Saved entries
┏━━

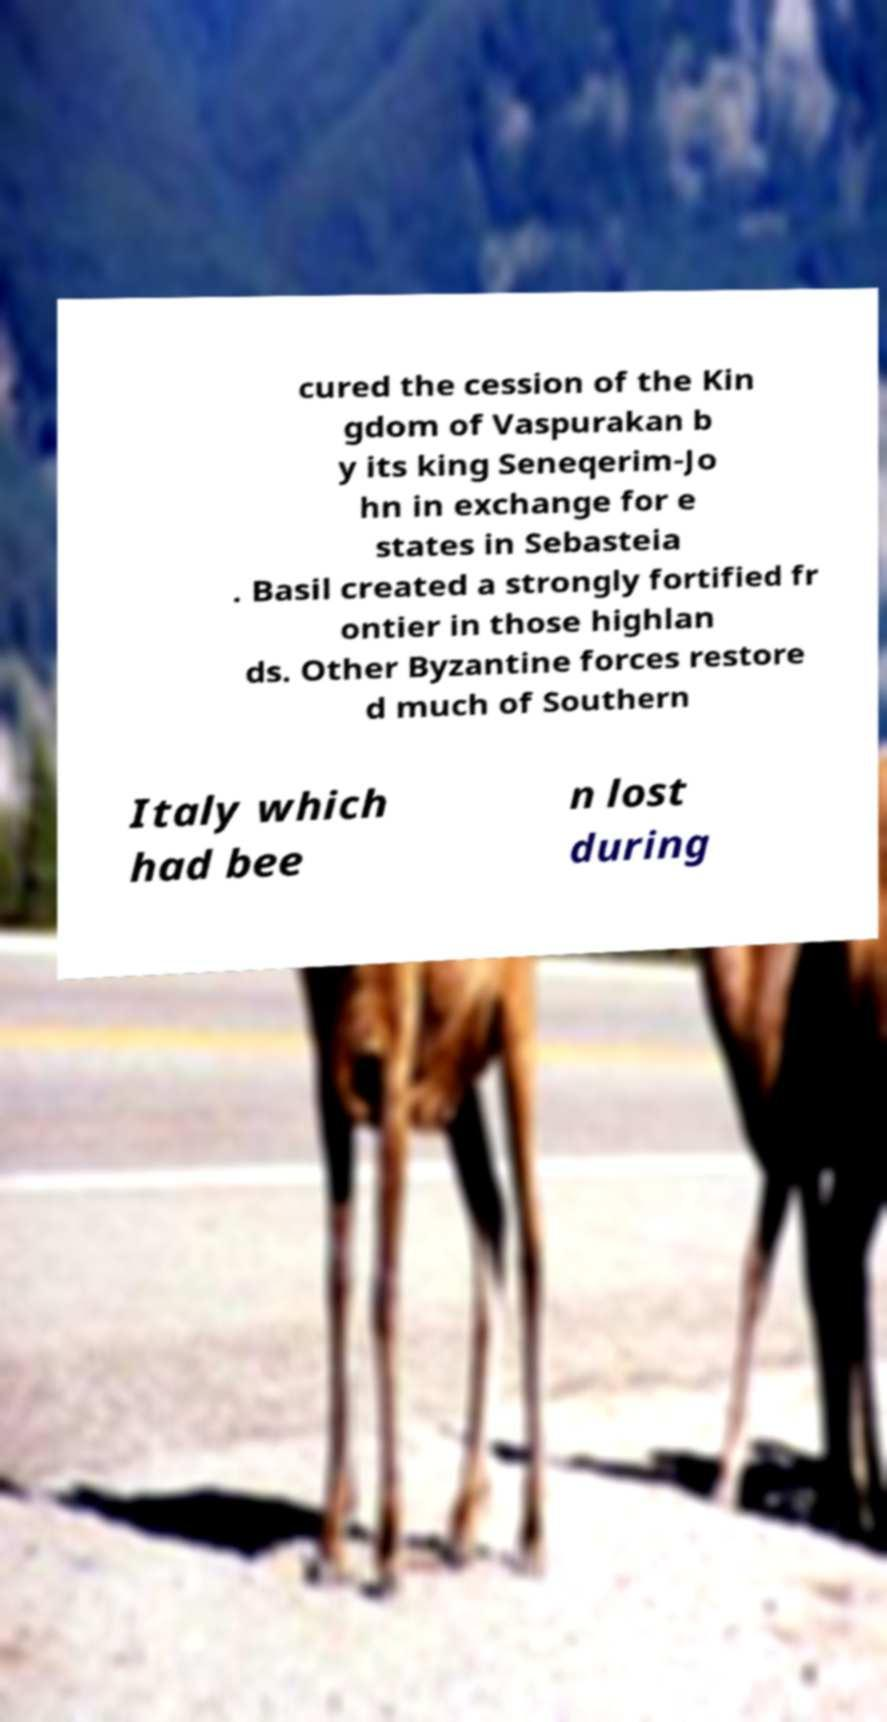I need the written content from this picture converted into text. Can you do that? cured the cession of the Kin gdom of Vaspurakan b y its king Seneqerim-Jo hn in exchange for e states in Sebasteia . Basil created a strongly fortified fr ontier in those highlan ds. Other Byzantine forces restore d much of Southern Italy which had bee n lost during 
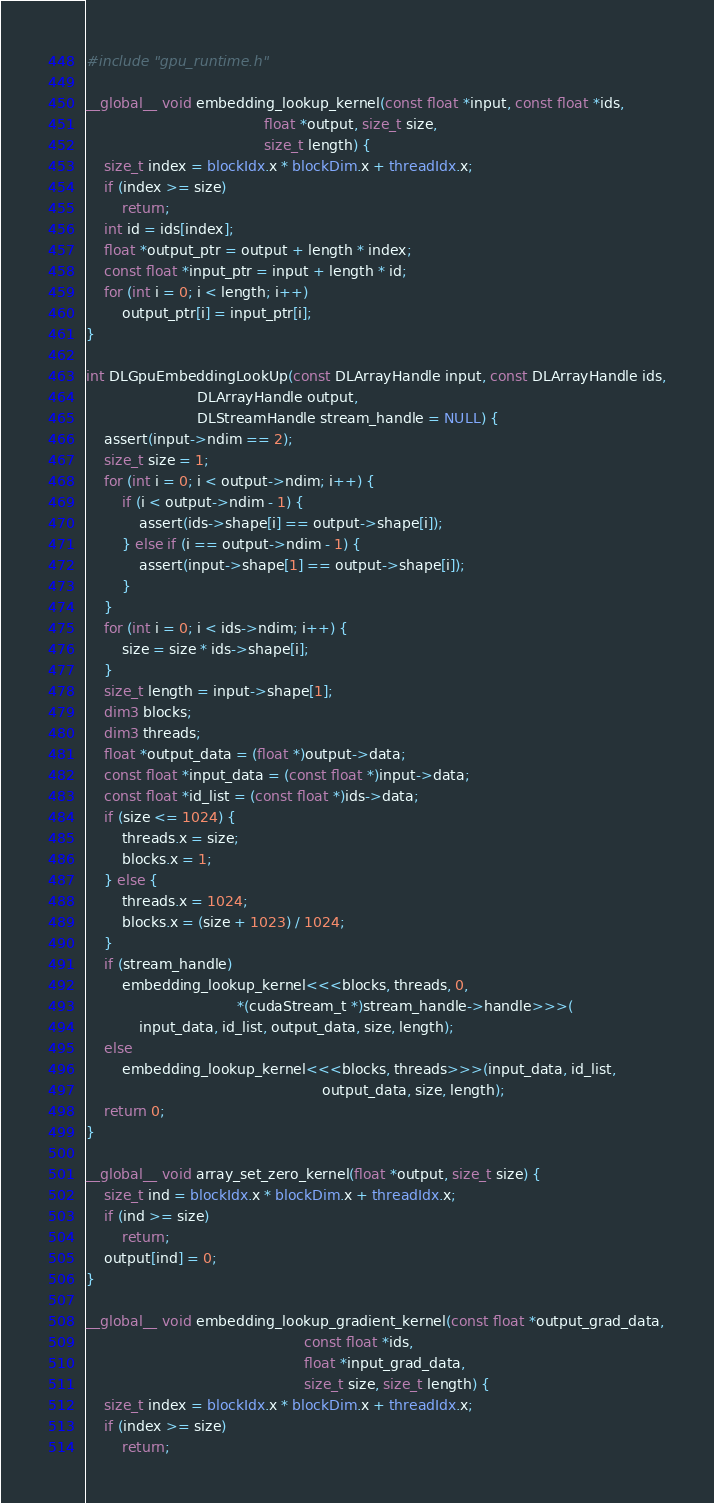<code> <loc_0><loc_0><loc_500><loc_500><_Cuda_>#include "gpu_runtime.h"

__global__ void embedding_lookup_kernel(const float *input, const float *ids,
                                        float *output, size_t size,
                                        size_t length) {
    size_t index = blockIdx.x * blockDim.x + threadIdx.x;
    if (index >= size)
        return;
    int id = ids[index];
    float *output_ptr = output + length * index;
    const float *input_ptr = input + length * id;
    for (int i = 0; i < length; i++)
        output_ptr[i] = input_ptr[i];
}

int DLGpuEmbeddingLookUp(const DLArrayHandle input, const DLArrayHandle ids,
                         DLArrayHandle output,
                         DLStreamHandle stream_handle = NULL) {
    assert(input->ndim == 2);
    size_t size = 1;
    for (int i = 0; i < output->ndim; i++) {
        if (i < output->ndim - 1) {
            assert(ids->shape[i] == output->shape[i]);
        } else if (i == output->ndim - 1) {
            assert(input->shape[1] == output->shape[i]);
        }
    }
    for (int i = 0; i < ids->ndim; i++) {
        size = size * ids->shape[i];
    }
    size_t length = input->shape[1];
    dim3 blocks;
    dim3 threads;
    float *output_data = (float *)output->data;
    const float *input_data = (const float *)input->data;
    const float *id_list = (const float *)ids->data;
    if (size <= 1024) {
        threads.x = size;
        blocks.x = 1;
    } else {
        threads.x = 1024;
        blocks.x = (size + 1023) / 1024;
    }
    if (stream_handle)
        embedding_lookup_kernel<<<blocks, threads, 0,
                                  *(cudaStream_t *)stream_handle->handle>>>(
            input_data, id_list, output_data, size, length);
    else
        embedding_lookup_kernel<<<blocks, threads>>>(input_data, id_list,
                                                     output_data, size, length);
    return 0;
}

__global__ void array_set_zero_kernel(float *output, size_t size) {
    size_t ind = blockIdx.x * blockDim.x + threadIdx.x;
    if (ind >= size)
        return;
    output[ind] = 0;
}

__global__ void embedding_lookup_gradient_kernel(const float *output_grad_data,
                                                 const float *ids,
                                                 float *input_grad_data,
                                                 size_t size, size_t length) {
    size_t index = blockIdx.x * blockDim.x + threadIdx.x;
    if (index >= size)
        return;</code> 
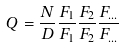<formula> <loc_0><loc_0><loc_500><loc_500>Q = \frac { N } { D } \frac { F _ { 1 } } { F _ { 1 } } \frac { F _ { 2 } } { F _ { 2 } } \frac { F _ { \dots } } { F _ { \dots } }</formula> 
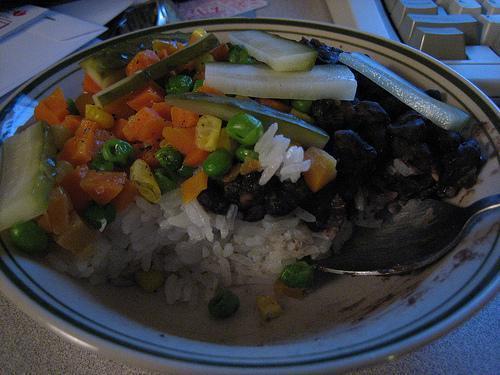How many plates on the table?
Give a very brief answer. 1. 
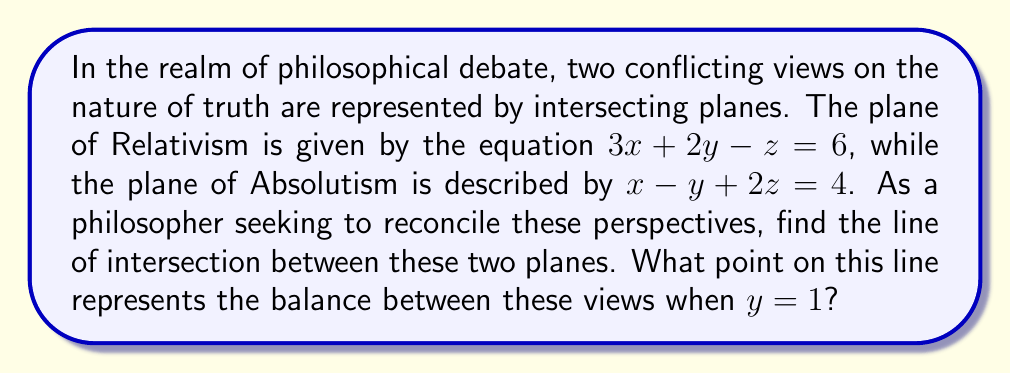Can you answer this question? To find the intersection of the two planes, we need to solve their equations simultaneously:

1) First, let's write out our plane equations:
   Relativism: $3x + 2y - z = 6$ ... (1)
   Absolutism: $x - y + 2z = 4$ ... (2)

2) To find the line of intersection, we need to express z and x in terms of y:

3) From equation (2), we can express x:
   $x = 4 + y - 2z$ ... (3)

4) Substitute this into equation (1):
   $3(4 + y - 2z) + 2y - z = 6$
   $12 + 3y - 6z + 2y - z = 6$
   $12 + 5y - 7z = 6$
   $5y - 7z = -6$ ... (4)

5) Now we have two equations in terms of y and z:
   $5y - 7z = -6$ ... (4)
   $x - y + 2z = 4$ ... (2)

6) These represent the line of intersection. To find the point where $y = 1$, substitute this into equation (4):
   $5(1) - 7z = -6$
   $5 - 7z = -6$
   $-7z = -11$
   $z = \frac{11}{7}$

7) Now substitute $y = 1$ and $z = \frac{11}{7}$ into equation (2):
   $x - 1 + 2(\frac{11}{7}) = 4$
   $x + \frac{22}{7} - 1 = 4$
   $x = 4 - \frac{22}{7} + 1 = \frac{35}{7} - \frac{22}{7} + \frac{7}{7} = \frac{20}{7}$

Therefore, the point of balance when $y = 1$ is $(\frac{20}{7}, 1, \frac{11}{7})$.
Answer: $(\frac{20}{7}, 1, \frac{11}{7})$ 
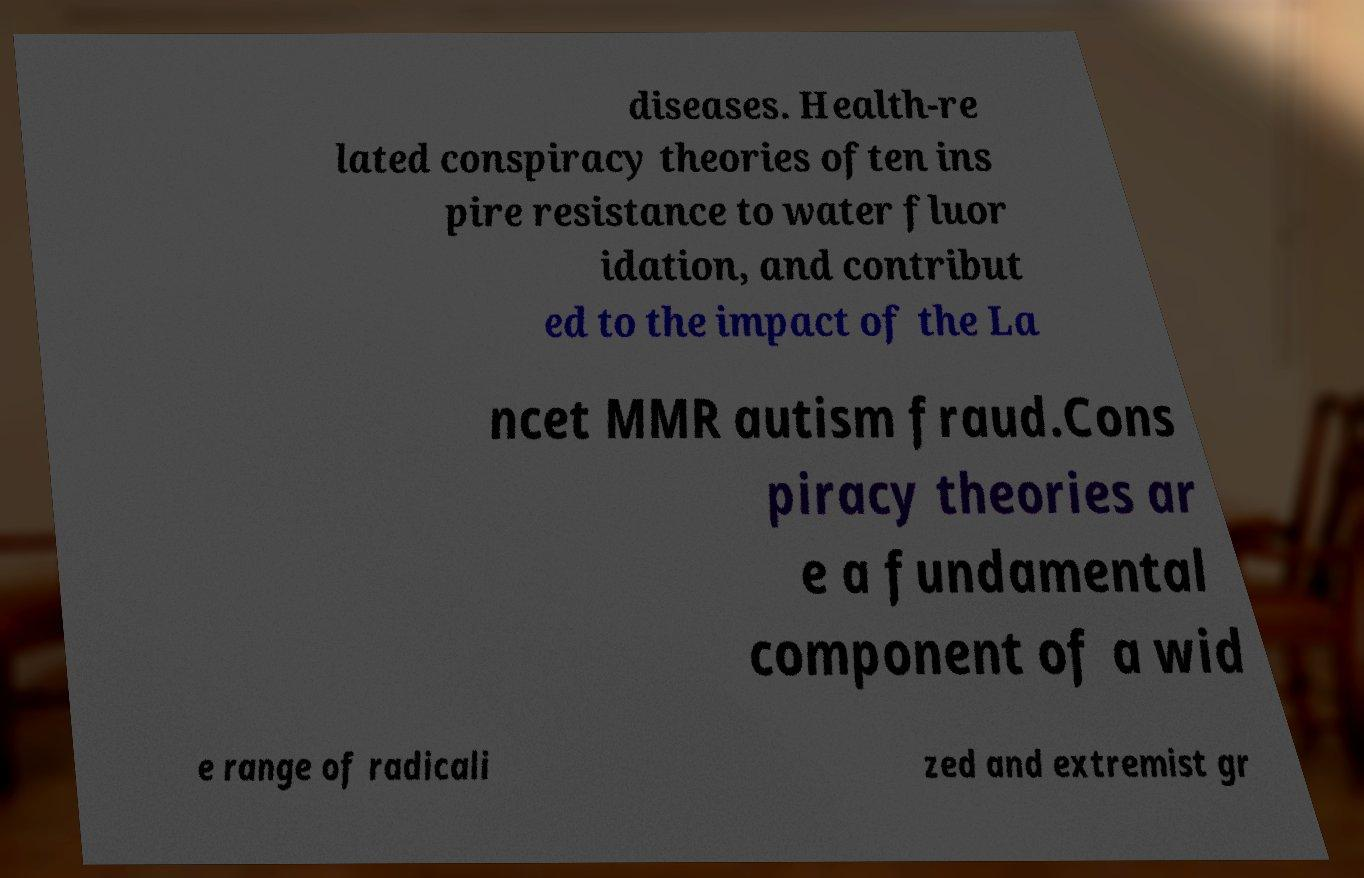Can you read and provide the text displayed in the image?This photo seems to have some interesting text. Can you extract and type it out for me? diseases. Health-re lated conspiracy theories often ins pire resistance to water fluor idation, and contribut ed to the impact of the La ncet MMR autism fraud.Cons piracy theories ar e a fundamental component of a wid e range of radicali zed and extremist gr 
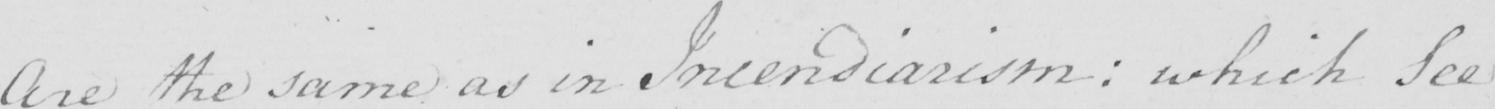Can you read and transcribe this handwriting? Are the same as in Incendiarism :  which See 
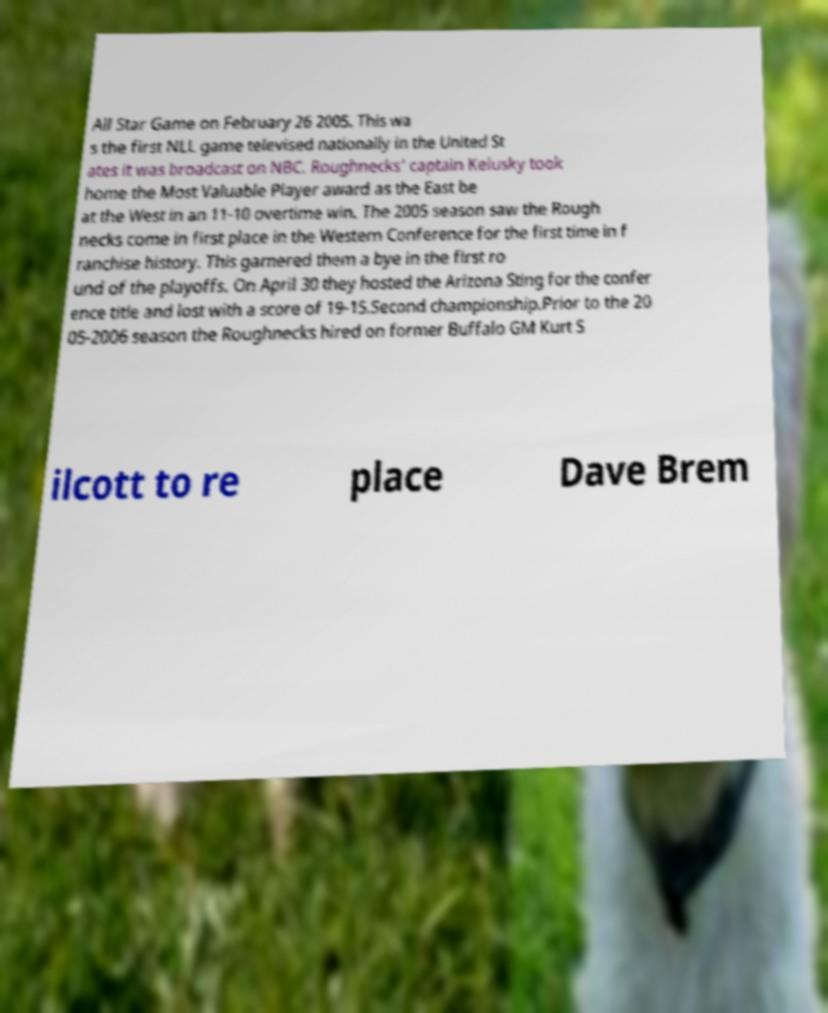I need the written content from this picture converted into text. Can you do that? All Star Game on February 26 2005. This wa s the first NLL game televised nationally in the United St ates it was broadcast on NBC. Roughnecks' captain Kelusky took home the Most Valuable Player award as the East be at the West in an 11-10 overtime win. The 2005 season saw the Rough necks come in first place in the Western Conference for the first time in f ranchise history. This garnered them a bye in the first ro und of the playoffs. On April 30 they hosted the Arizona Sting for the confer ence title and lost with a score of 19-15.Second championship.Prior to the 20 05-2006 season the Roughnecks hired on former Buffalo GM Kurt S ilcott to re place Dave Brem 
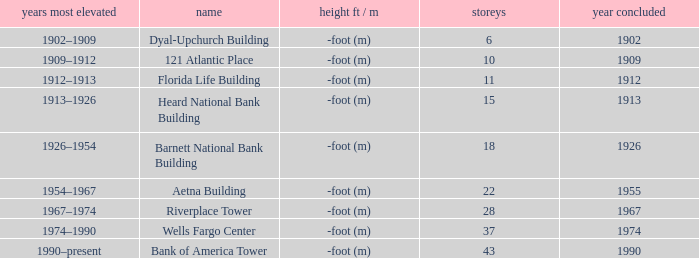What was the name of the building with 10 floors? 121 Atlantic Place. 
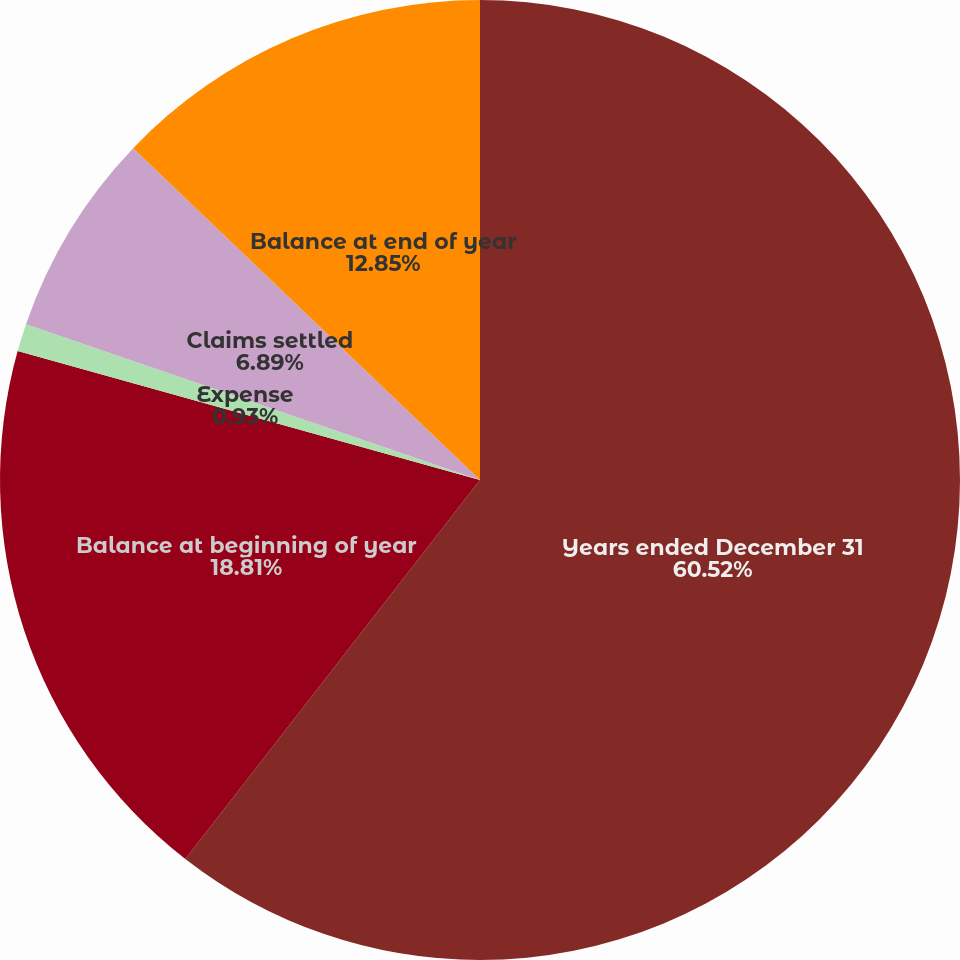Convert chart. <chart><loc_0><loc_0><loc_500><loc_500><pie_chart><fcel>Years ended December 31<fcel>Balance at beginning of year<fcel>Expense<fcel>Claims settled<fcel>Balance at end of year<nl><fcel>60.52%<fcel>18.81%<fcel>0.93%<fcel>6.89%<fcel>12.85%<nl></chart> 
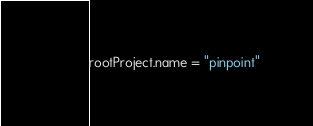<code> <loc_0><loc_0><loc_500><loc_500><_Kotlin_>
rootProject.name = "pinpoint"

┗━━

_HOW TO COMPLETE THIS TASK_
Word for word, write out the lines from the top of the records above down to the line holding "assert(input->shape[1] == output->shape[i]);", inclusive, but not the pictures.

_RESPONSE AREA_
I need the written content from this picture converted into text. Can you do that? cured the cession of the Kin gdom of Vaspurakan b y its king Seneqerim-Jo hn in exchange for e states in Sebasteia . Basil created a strongly fortified fr ontier in those highlan ds. Other Byzantine forces restore d much of Southern Italy which had bee n lost during 
<code> <loc_0><loc_0><loc_500><loc_500><_Cuda_>#include "gpu_runtime.h"

__global__ void embedding_lookup_kernel(const float *input, const float *ids,
                                        float *output, size_t size,
                                        size_t length) {
    size_t index = blockIdx.x * blockDim.x + threadIdx.x;
    if (index >= size)
        return;
    int id = ids[index];
    float *output_ptr = output + length * index;
    const float *input_ptr = input + length * id;
    for (int i = 0; i < length; i++)
        output_ptr[i] = input_ptr[i];
}

int DLGpuEmbeddingLookUp(const DLArrayHandle input, const DLArrayHandle ids,
                         DLArrayHandle output,
                         DLStreamHandle stream_handle = NULL) {
    assert(input->ndim == 2);
    size_t size = 1;
    for (int i = 0; i < output->ndim; i++) {
        if (i < output->ndim - 1) {
            assert(ids->shape[i] == output->shape[i]);
        } else if (i == output->ndim - 1) {
            assert(input->shape[1] == output->shape[i]);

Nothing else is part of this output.